Some of the best and most deeply-rooted instincts of human nature seemed to turn into cruelty and gall in this terrible place. One of the difficulties of the nurses was to prevent the mothers of the babies, who were still at the breast, from fighting and stealing one another’s food. They had nothing to do but nurse their babies, and they would hardly do that. The noise, quarrelling, and dirt prevailing in their neighbourhood was a constant source of trouble and anxiety. Another trouble was the mixture among the patients of criminal cases, necessitating the presence of policemen constantly on the premises. The ex-pauper women, too, whom Sister Agnes was endeavouring to train as assistant nurses, were a great anxiety.
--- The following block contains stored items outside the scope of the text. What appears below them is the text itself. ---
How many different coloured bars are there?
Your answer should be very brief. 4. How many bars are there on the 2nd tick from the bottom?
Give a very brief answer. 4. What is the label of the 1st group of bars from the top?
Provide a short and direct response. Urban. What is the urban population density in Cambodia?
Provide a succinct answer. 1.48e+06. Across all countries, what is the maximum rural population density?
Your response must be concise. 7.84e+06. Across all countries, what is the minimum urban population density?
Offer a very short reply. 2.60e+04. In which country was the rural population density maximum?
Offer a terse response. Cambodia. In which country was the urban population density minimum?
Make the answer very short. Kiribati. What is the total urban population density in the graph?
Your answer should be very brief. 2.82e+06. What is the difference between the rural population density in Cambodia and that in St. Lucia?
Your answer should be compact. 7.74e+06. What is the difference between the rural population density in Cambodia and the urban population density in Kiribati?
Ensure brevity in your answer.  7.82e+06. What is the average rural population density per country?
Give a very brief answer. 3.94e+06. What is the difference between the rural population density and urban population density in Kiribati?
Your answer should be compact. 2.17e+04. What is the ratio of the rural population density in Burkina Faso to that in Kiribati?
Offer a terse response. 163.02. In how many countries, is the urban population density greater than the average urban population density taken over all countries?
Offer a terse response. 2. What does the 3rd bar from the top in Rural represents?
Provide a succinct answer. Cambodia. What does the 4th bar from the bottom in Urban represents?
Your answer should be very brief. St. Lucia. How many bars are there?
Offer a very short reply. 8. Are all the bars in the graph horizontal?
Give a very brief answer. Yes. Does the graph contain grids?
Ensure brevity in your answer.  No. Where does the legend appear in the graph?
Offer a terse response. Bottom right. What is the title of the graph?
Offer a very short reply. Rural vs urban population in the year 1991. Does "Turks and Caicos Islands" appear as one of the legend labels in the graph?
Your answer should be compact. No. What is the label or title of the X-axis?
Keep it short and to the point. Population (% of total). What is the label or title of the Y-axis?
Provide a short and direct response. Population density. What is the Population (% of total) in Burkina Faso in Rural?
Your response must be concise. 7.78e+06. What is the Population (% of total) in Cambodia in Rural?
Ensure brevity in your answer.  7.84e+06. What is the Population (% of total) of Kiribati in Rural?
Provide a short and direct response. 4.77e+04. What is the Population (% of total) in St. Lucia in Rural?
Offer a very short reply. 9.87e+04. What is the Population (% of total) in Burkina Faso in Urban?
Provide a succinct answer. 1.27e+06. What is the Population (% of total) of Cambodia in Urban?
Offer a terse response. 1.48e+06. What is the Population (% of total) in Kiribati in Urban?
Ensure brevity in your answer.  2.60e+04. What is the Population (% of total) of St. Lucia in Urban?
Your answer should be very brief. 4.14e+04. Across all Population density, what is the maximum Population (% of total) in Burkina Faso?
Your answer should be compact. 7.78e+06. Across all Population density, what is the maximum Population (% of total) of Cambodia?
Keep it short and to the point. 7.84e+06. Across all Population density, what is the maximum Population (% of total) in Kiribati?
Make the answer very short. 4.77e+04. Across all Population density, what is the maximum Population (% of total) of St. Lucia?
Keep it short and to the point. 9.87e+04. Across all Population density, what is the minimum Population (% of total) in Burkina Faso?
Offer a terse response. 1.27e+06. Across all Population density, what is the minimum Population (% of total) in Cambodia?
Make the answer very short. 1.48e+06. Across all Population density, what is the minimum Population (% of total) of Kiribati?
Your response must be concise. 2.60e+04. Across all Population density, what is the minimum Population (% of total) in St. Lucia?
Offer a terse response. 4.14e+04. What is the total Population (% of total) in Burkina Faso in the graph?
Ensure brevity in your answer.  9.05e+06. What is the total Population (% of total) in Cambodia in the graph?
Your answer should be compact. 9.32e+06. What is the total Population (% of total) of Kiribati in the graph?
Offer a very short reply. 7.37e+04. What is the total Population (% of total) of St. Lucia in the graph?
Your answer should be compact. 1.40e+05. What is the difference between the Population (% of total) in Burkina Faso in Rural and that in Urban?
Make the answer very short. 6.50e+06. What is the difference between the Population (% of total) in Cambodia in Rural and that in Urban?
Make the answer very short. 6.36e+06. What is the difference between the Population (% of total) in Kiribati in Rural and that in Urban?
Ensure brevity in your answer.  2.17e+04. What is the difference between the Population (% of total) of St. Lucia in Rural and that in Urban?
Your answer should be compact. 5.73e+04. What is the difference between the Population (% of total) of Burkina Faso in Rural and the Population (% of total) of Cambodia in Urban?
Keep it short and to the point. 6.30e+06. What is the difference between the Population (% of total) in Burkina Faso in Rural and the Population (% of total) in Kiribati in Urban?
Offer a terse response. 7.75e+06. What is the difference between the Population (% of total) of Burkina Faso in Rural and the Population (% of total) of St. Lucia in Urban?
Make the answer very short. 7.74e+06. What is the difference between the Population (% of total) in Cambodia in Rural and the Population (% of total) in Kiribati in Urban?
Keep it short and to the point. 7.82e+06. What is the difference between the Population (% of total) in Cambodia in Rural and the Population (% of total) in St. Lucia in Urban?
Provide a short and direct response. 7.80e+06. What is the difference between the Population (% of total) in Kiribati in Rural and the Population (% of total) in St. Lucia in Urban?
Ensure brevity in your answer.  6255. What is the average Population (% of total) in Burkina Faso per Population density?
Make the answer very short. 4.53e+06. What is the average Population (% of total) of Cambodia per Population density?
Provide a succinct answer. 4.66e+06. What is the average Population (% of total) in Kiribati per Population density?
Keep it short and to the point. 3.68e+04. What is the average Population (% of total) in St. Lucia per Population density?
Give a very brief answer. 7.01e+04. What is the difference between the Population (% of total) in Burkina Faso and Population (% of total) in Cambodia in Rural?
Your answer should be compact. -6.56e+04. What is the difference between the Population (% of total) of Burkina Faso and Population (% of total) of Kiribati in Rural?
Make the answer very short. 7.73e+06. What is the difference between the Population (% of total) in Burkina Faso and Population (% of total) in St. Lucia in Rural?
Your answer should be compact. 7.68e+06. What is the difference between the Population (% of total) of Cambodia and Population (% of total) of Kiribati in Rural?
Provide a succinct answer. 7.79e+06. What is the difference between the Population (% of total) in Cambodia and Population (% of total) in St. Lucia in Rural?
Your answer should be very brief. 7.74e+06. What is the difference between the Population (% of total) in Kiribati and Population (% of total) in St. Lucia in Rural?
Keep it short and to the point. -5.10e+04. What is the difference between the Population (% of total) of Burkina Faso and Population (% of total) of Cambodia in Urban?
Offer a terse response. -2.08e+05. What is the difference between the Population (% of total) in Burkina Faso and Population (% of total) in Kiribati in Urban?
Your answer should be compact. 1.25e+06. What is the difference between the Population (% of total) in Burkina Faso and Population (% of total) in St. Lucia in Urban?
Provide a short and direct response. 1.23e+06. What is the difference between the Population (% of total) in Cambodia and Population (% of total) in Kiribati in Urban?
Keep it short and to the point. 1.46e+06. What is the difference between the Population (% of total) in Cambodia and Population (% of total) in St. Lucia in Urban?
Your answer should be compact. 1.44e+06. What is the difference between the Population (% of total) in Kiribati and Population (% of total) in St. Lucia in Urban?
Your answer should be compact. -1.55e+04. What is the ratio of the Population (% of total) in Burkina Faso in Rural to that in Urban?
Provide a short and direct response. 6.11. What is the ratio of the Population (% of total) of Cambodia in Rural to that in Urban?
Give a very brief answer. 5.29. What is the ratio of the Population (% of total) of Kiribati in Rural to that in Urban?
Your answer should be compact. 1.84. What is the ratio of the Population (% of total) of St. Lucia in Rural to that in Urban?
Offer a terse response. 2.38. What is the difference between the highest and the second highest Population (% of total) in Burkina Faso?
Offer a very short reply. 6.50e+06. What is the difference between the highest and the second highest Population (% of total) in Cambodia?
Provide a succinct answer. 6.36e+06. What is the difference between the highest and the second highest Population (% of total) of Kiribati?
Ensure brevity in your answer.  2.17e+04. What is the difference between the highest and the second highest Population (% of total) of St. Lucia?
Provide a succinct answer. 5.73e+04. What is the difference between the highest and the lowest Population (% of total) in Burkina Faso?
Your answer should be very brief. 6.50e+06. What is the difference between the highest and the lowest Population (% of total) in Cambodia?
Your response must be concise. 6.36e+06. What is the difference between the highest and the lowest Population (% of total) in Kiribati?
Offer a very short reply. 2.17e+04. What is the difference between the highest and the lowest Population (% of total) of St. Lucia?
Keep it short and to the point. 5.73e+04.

One morning, after they had been paid their wages, five arrived at the hospital tipsy; after some months of constant effort and constant disappointment, the attempt to train these women was given up. Besides the strain on nerves, temper, and spirit arising from all these causes, the physical work of Agnes Jones’s post was no light matter. Her day began at 5.30 A.M. and ended after 11; added to this, if there was any case about which she was specially anxious, or any nurse about whose competence she did not feel fully assured, she would be up two or three times in the night to satisfy herself that all was going well. Her nurses were devoted to her, and, as a rule, gave her no anxiety or discomfort which could be avoided. Her only distress on their account arose from a severe outbreak of fever and small-pox among them, which was a source of much painful anxiety to her. Miss Nightingale said of her that “she had a greater power of carrying her followers with her than any woman (or man) I ever knew.” “Her influence with her nurses was unbounded. They would have died for her.”

All witnesses concur in speaking of her wonderful personal influence and the effect it produced. The infirmary began to show the results of her presence within a month of her arrival. In the three years she spent there, she completely changed the whole place. At first the police, to whose presence reference has already been made, were astonished that it was safe for a number of young women to be about in the men’s wards, for they well knew what a rough lot some of the patients were; but “in less than three years she had reduced one of the most disorderly hospital populations in the world to something like Christian discipline, such as the police themselves wondered at. She had led, so as to be of one mind and one heart with her, upwards of fifty nurses and probationers… She had converted a vestry to the conviction of the economy as well as the humanity of nursing pauper sick by trained nurses… She had converted the Poor Law Board to the same view, and she had disarmed all opposition, all sectarian zealotism; so that Roman Catholic and Unitarian, High Church and Low Church, all literally rose up and called her blessed.”

The manner of her death has been already referred to. It was in unison with her unselfish, devoted life. She died on the 19th February 1868, and her body was committed to the earth of her beloved Ireland, at Fahan, on Lough Swilly, the home of her early years.